Pour les non-spécialistes, le message principal est qu’il est possible de produire une carte de prospection des eaux souterraines fiable à l’échelle d’une ville sans forer des centaines de puits d’essai. En combinant des données gravimétriques satellitaires, des cartes de base et une pondération transparente des critères d’un bon aquifère, cette étude indique où concentrer des travaux de terrain et des forages plus détaillés autour de Port-Soudan.
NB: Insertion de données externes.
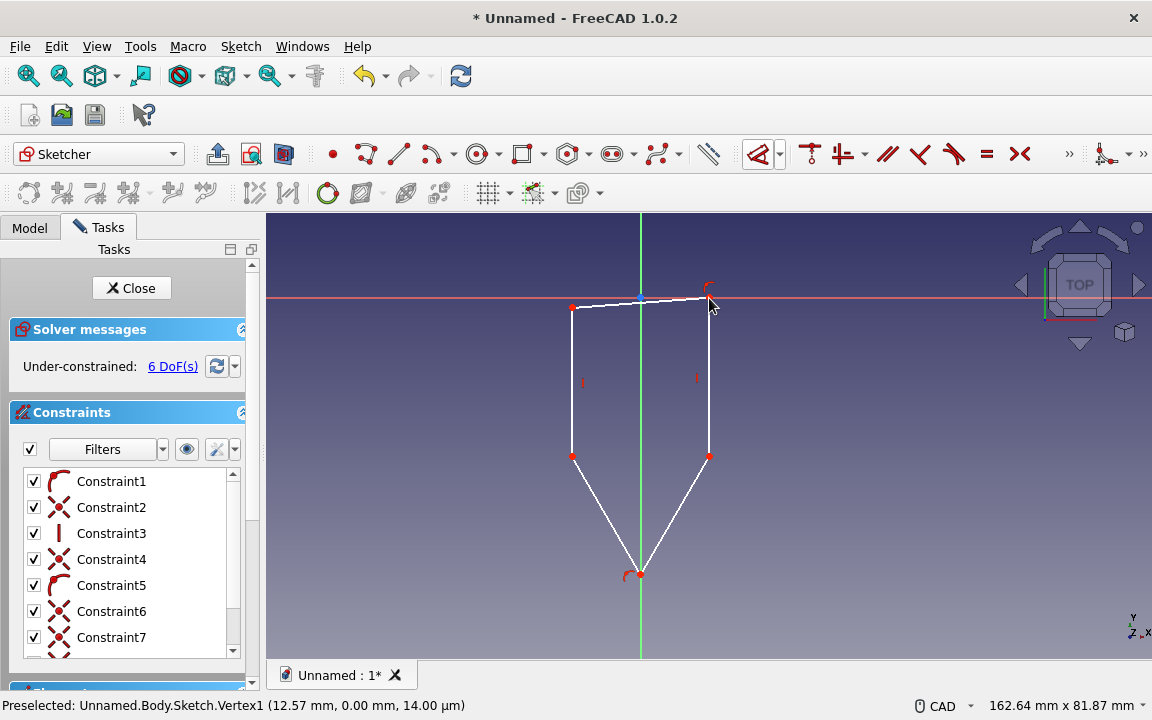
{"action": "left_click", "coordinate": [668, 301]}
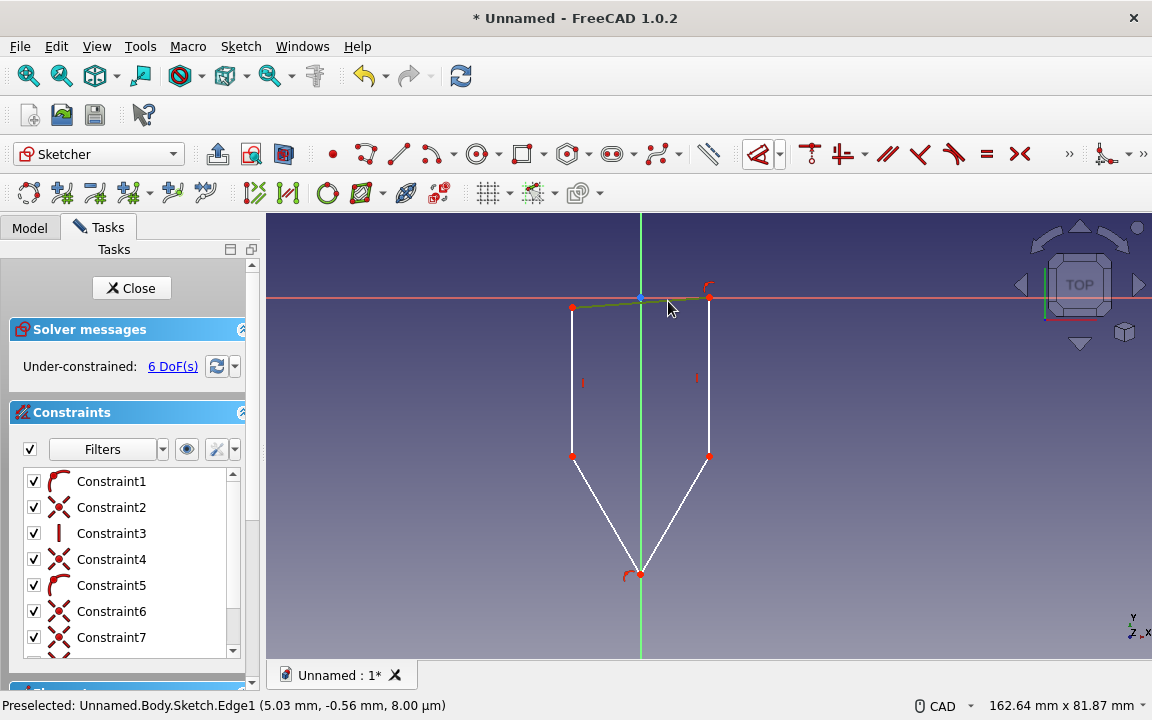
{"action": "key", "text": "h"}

Les zones à fort potentiel dans les plaines alluviales sont les meilleures cibles initiales, tandis que les secteurs du socle à l’ouest peuvent encore contenir des ressources locales mais exigent des vérifications plus précises et spécifiques au site. L’approche est rentable, reproductible et adaptée à d’autres régions côtières sèches confrontées à un stress hydrique similaire, aidant les planificateurs à passer du tâtonnement à un développement des eaux souterraines fondé sur des preuves.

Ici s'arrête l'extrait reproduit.